Being in the World

According to Norwegian psychologist, Per Espen Stoknes, we need new ways of communicating Climate Change. For decades Climate Change has been told through listings of facts, yet we remain in a collective denial about the actual crisis we are in Stoknes argues. So instead of continually reciting the facts about climate, we have to start speaking from another place. Stoknes adds that climate scientists must challenge themselves to start telling stories, sharing vulnerabilities, images and emotions, activated by the tools borrowed from the art of storytelling.

Yet this is easier said than done. For centuries science has been resonating Cartesian dualism; the separation between the realms of mind / thought and matter / body. A distinction which will not let us mix scientific research with the landscapes of emotions. Expressing emotions has for many years been a source of potential discrediting in scientific circles. Challenging this, 75 climate scientists gathered and published their handwritten diaries online, in a project they called Is This How You Feel? – describing their emotions, worries and intimate reflections on how it is to live in a world, as a climate scientist, with the knowledge of the climate this entails. As written on the page: “…they’re not robots. These scientists are mothers, fathers, grandparents, daughters. They are real people. And they’re concerned.”

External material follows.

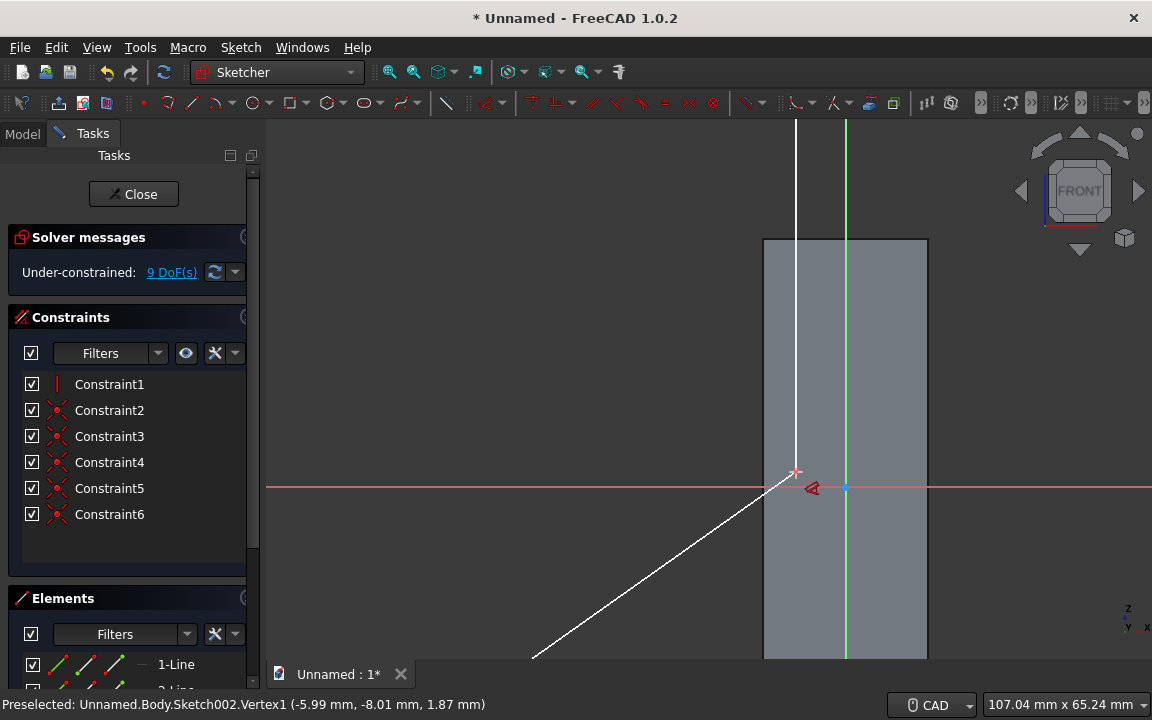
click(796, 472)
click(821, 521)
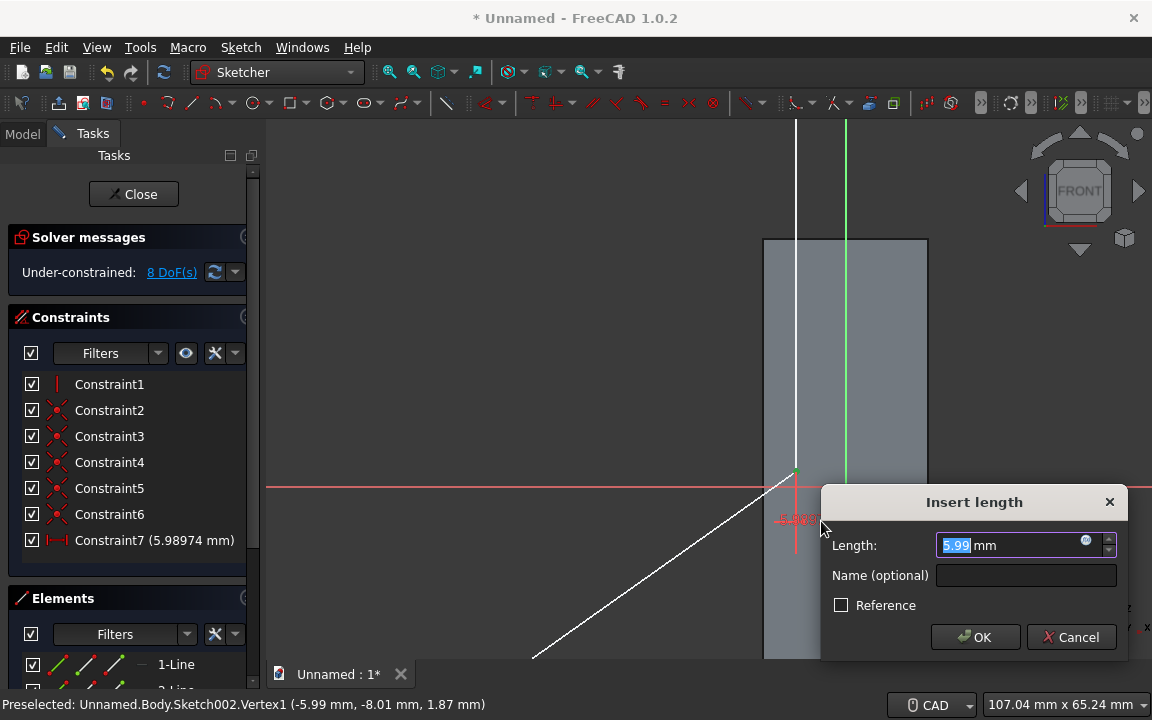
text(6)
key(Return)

One of the scientists, Anna Harper, Research Fellow at University of Exeter, writes:

Climate change presents us with a huge challenge: moving from a society built on fossil fuels to something cleaner and more sustainable. I don’t really have feelings on the science of climate change, but I do have feelings about the cacophony of opinions and misdirection around the question of “what do we do about climate change?” On this topic, I feel discouraged, frustrated, and powerless.
I am discouraged that the message is not getting out that we cant wait for action – we needed to reduce greenhouse gas emissions yesterday to avoid habitat loss, sea level rise which endanger the lives of many, and more drought.
I feel frustrated that I cannot even convince those closest to me that we are, as a society, being irresponsible, and our children, grandchildren, and people around the world will pay the price. Don’t we feel compassion for these people and the life we are signing them up for?
And sometimes I feel powerless in the face of powerful forces arguing against action.
But I think there is reason for optimism! Climate change presents us with a huge opportunity to redefine how we live in the world.

Inspired by this, the international documentary project, Other Story, which is a part of the NXT Community, travelled to various parts of Europe to meet and talk with climate scientists about their feelings and their research. As official partners to ESOF – EuroScience Open Forum in Toulouse, Other Story members and filmmakers Cecilie Jørck and Madeleine Kate McGowan had a great opportunity to encounter different scientists in their natural habitats. Despite this it wasn’t always easy getting scientists to share their feelings, the Other Story members acknowledged, but a series of short films called ‘Being in the World’  has now been completed. In the first film entitled ‘Mathieu’, we meet Mathieu Lihoreau in the gardens of University Paul Sabatier, in Toulouse. Immersed in the landscape of bees, Mathieu Lihoreau is a Professor in Ecology researching cognitive behavior in small brained insects. Other Story moved into the green and buzzing wilderness and sat down with Mathieu to talk about his feelings as a scientist in the midst of a mass extinction of bees, why he researches, what touches him and what he has learned from the bees.